5. Pets give us unconditional love. No matter what is going on in our life, our pet will always be there to make it better. They don’t have any other agenda than to be our friend. They are the friend that greets us at the door after a long day. Even when we are not in the best of moods, pets are often there when others retreat. There is no judgement. There is only love.6. Pets are there for us when we grieve. I still remember my sister’s dog that was there for me when my Mom passed away. My Mom and I were really close. I spent time with her when I went back home – good time. When she passed away, I knew those times were forever lost to me even though I would always carry the memories in my heart.

That night, after the funeral, her loss hit me hard. I cried most of the night. Cash, my sister’s lab, crept up onto the bed and laid his big head on my chest. He stayed with me the whole night while I grieved. Cash and I had a relationship from before because I was always the one when I visited who took him for long walks. He remembered. However, more than that, he knew I was hurting and gave his love and support through that long night. I still tear up when I think about it.

7. Pets make us create time for them – and ourselves. My dog, Bear, is my walking buddy. She needs her walk on a daily basis – as do I. However, I have other options for fitness that Bear doesn’t. I teach dance classes, have a rebounder, can go to a mall on a rainy day and walk the mall or go to a gym. Bear can’t do that so it is up to me to take her out every day, rain or shine, hot or cold. It moves me outside my comfort zone often. We both benefit even on the less than ideal days to be walking.

Do all animals offer a healing benefit?

Absolutely! I’m most familiar with dogs and cats because they are what I’ve had in my life. My grandmother had a budgie bird that kept her company. It was allowed to fly around her apartment, sit on her shoulder, or be carried on her hand. It even gave her kisses. My uncle raised these budgies as a relaxing hobby for him.

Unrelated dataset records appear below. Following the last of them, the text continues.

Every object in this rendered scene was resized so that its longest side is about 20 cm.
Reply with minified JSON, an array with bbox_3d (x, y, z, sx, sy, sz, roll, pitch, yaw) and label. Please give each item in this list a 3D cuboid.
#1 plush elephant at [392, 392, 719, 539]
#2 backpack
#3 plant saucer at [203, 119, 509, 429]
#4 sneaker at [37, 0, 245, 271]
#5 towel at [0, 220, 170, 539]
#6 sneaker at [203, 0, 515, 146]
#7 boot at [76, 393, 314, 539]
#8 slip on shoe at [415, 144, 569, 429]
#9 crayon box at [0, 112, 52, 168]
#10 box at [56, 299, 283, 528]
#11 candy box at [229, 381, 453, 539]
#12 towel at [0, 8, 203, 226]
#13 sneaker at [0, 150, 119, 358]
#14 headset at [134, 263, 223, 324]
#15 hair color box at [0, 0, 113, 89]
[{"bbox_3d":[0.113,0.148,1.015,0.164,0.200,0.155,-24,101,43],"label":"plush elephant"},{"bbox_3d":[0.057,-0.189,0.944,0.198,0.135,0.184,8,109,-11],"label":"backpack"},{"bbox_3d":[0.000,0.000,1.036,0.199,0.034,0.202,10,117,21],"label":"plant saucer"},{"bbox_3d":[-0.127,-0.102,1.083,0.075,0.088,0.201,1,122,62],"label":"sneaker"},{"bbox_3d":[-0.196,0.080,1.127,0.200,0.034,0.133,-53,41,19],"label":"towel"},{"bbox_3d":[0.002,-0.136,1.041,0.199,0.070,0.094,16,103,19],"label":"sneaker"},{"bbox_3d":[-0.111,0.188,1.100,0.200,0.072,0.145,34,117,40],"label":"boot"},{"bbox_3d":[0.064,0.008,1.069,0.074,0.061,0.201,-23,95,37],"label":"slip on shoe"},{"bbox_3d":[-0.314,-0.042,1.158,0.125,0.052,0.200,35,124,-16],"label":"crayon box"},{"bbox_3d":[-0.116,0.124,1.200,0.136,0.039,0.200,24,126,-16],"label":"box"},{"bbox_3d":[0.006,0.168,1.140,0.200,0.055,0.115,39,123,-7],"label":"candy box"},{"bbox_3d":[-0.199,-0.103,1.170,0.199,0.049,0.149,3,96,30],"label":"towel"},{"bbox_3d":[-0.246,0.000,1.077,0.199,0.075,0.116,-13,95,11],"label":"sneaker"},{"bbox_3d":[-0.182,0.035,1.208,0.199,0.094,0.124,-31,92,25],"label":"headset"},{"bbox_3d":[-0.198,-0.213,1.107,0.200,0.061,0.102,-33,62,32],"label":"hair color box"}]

Other people have rabbits, hamsters, ferrets, parrots, etc. – all have their unique ways of providing unconditional love and healing energy. Even snakes, so I’m told, although that would be the last pet on earth I would ever have in my house. In fact, my stepson got one when he moved out on his own. Obviously you know I nixed the idea while he was at home.

Time Considerations in Choosing a Pet

This is often the determining factor in deciding which pet you’d like to introduce into your family. They do take time and commitment. Dogs are most intensive because they require that daily walk. Cats can be left on their own over a weekend. Other pets have routines that need maintaining. If you like to travel, it means having a pet sitter or family/friend to look after them while you’re away. This fact often stops people from getting a pet.

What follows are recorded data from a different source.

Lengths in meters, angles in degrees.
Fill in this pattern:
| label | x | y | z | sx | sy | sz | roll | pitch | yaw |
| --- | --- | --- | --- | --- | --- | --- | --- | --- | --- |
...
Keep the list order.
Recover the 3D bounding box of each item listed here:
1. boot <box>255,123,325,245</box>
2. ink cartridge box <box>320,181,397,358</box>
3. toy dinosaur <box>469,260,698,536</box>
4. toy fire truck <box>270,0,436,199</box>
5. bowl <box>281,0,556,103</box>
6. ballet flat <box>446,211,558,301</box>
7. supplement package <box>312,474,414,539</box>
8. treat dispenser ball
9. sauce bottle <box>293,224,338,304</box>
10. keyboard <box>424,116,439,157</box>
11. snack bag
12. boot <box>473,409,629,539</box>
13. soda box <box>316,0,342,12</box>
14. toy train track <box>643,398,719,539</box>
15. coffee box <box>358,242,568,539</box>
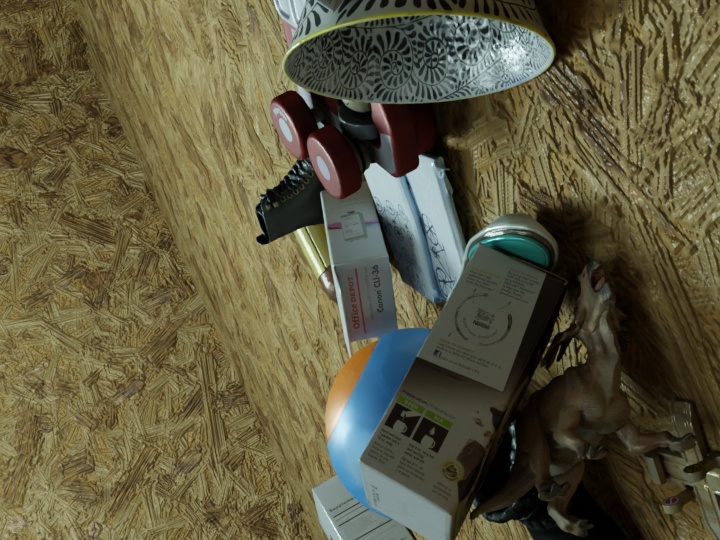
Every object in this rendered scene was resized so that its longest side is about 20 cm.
| label | x | y | z | sx | sy | sz | roll | pitch | yaw |
| --- | --- | --- | --- | --- | --- | --- | --- | --- | --- |
| boot | -0.074 | -0.121 | 1.056 | 0.078 | 0.136 | 0.203 | 50 | 155 | 41 |
| ink cartridge box | 0.000 | 0.000 | 0.998 | 0.202 | 0.066 | 0.118 | -101 | 1 | -52 |
| toy dinosaur | 0.156 | 0.107 | 0.643 | 0.201 | 0.085 | 0.137 | -51 | 35 | 22 |
| toy fire truck | -0.018 | -0.178 | 0.777 | 0.200 | 0.111 | 0.170 | 46 | 159 | 44 |
| bowl | 0.040 | -0.193 | 0.609 | 0.200 | 0.196 | 0.097 | 164 | 106 | -72 |
| ballet flat | 0.123 | -0.011 | 0.730 | 0.070 | 0.068 | 0.201 | 61 | 161 | 17 |
| supplement package | 0.007 | 0.490 | 1.584 | 0.200 | 0.118 | 0.123 | 49 | 156 | 45 |
| treat dispenser ball | 0.060 | 0.165 | 0.905 | 0.202 | 0.198 | 0.203 | 55 | 159 | 33 |
| sauce bottle | -0.037 | -0.005 | 1.208 | 0.203 | 0.065 | 0.066 | 64 | 162 | 16 |
| keyboard | 0.025 | -0.186 | 0.882 | 0.200 | 0.020 | 0.129 | 46 | 158 | 47 |
| snack bag | 0.063 | -0.046 | 0.909 | 0.200 | 0.021 | 0.192 | 35 | 147 | 62 |
| boot | 0.166 | 0.217 | 0.740 | 0.213 | 0.079 | 0.157 | 58 | -168 | 29 |
| soda box | -0.052 | -0.246 | 0.572 | 0.064 | 0.067 | 0.201 | -53 | 33 | 18 |
| toy train track | 0.258 | 0.155 | 0.583 | 0.117 | 0.032 | 0.199 | 69 | 162 | -5 |
| coffee box | 0.082 | 0.097 | 0.658 | 0.079 | 0.202 | 0.114 | 24 | 156 | 17 |
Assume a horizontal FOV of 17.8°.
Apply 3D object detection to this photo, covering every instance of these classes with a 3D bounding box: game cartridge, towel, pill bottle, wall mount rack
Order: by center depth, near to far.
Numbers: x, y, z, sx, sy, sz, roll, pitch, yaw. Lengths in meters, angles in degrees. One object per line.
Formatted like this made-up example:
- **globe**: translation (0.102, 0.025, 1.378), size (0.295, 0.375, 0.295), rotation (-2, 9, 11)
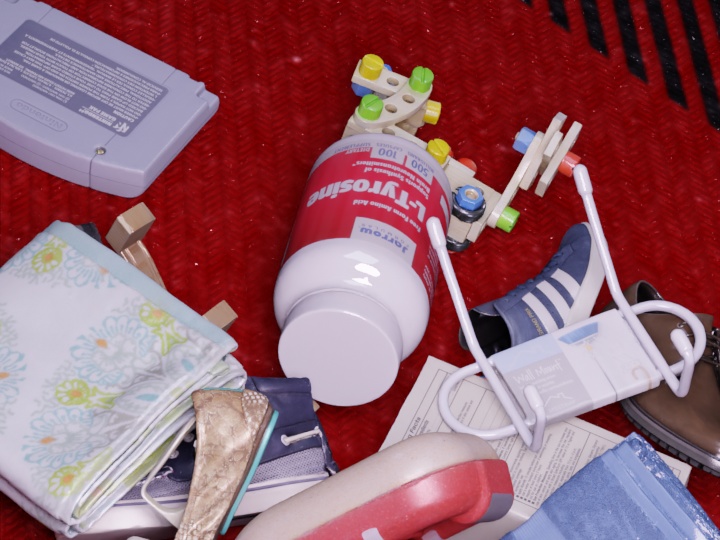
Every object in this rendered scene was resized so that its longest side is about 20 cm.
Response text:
- **towel**: translation (0.134, 0.206, 1.475), size (0.200, 0.049, 0.112), rotation (-40, 66, 4)
- **towel**: translation (-0.195, 0.068, 1.518), size (0.199, 0.048, 0.171), rotation (32, 61, 31)
- **wall mount rack**: translation (0.135, 0.028, 1.571), size (0.198, 0.075, 0.174), rotation (-19, 54, -15)
- **pill bottle**: translation (0.000, 0.000, 1.642), size (0.111, 0.113, 0.201), rotation (13, 39, 1)
- **game cartridge**: translation (-0.227, -0.134, 1.791), size (0.199, 0.042, 0.133), rotation (27, 53, 14)

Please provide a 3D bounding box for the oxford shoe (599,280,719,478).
- **oxford shoe**: translation (0.224, 0.073, 1.617), size (0.072, 0.085, 0.200), rotation (22, 22, -38)

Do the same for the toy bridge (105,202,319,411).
- **toy bridge**: translation (-0.109, 0.047, 1.624), size (0.027, 0.067, 0.200), rotation (-37, 83, -35)

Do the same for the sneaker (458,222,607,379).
- **sneaker**: translation (0.121, 0.031, 1.676), size (0.084, 0.075, 0.201), rotation (23, 48, -2)

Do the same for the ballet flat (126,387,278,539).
- **ballet flat**: translation (-0.114, 0.166, 1.459), size (0.065, 0.071, 0.202), rotation (21, 89, -1)

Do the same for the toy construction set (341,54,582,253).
- **toy construction set**: translation (0.068, -0.090, 1.776), size (0.198, 0.093, 0.131), rotation (19, 43, 17)

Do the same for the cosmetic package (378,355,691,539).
- **cosmetic package**: translation (0.113, 0.150, 1.571), size (0.199, 0.073, 0.104), rotation (23, 48, 10)

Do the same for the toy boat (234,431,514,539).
- **toy boat**: translation (0.014, 0.193, 1.452), size (0.199, 0.130, 0.132), rotation (-29, 75, 19)

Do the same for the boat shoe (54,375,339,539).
- **boat shoe**: translation (-0.113, 0.125, 1.533), size (0.198, 0.075, 0.094), rotation (-6, 77, -23)

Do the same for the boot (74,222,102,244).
- **boot**: translation (-0.242, 0.044, 1.608), size (0.130, 0.070, 0.201), rotation (-1, 44, -5)
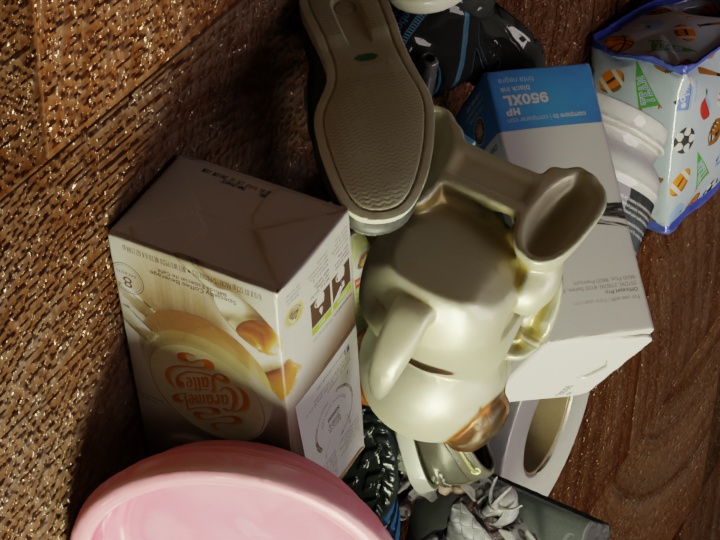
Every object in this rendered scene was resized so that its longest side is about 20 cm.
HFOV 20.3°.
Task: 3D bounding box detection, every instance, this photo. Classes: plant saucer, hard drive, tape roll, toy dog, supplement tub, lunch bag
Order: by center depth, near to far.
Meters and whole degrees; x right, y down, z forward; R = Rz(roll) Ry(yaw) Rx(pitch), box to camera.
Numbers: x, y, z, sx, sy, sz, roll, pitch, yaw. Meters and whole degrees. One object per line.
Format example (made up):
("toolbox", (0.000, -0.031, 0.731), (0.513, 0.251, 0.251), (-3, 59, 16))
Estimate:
("plant saucer", (-0.069, 0.167, 1.178), (0.051, 0.199, 0.201), (-80, 170, -46))
("toy dog", (0.059, 0.032, 1.260), (0.200, 0.139, 0.195), (99, 8, -56))
("supplement tub", (0.152, -0.035, 1.581), (0.201, 0.140, 0.140), (-69, 158, -4))
("hard drive", (0.108, 0.239, 1.601), (0.033, 0.200, 0.140), (13, 93, -38))
("tape roll", (0.135, 0.120, 1.756), (0.203, 0.070, 0.203), (-49, 150, -43))
("lunch bag", (0.284, -0.155, 1.821), (0.200, 0.123, 0.171), (-34, 138, -44))

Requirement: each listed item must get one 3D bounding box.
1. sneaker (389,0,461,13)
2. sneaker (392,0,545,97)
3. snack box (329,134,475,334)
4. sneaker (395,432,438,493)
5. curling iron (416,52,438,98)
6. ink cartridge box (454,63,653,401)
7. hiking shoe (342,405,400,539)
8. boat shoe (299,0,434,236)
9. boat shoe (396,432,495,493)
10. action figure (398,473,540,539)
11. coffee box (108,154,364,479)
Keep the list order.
("sneaker", (0.060, -0.258, 1.290), (0.085, 0.075, 0.201), (71, 35, -54))
("sneaker", (0.066, -0.160, 1.401), (0.082, 0.073, 0.200), (-53, 153, 4))
("snack box", (0.000, 0.000, 1.329), (0.200, 0.037, 0.117), (-37, 142, -29))
("sneaker", (0.064, 0.082, 1.578), (0.201, 0.069, 0.100), (88, 25, -52))
("curling iron", (0.042, -0.075, 1.391), (0.026, 0.049, 0.201), (-49, 155, -37))
("ink cartridge box", (0.124, -0.023, 1.413), (0.145, 0.084, 0.201), (124, -43, -65))
("hiking shoe", (-0.006, 0.165, 1.492), (0.087, 0.074, 0.201), (-78, 173, -56))
("boat shoe", (0.002, -0.090, 1.187), (0.068, 0.071, 0.201), (94, -11, -46))
("boat shoe", (0.048, 0.065, 1.450), (0.072, 0.060, 0.203), (-63, 141, -63))
("action figure", (0.068, 0.224, 1.566), (0.069, 0.130, 0.200), (-12, 151, -42))
("coffee box", (-0.068, 0.045, 1.172), (0.080, 0.114, 0.201), (-51, 150, -38))
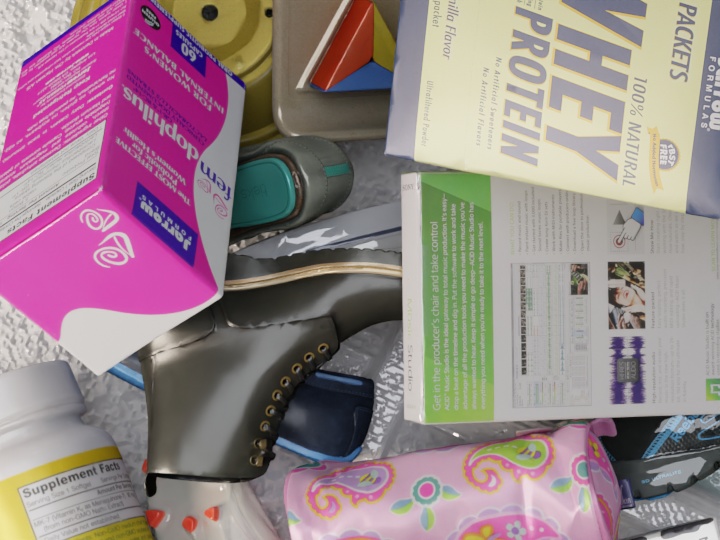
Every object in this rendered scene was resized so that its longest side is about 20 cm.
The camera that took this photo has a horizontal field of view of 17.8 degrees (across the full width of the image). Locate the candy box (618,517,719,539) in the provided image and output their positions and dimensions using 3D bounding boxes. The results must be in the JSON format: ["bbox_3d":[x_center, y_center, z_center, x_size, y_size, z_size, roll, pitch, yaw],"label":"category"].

When I’ve traveled, I hired a pet sitter. It’s an expense that I factor into my vacation plan. At this time in my life, my husband is not traveling with me, so he looks after the pets. However, when we did travel together, this was our way of managing pets. Other people choose the kennel option. That works if you know the people who run the kennel and feel confident that your pet will be well looked after and come home healthy.

Are Pets Worth Having?

All in all, pets are true healing energy. If you are on your cancer journey, they can be your best friend. They can be there to give you that love when you need it most. Their calming energy will sustain you in times of crisis. They will also help you think outside yourself and move you into a positive space because pets show that they also need you. They can make the difference in how you think and feel. In my view, and only my view, pets add incredible value to life – my life in particular. What about your life?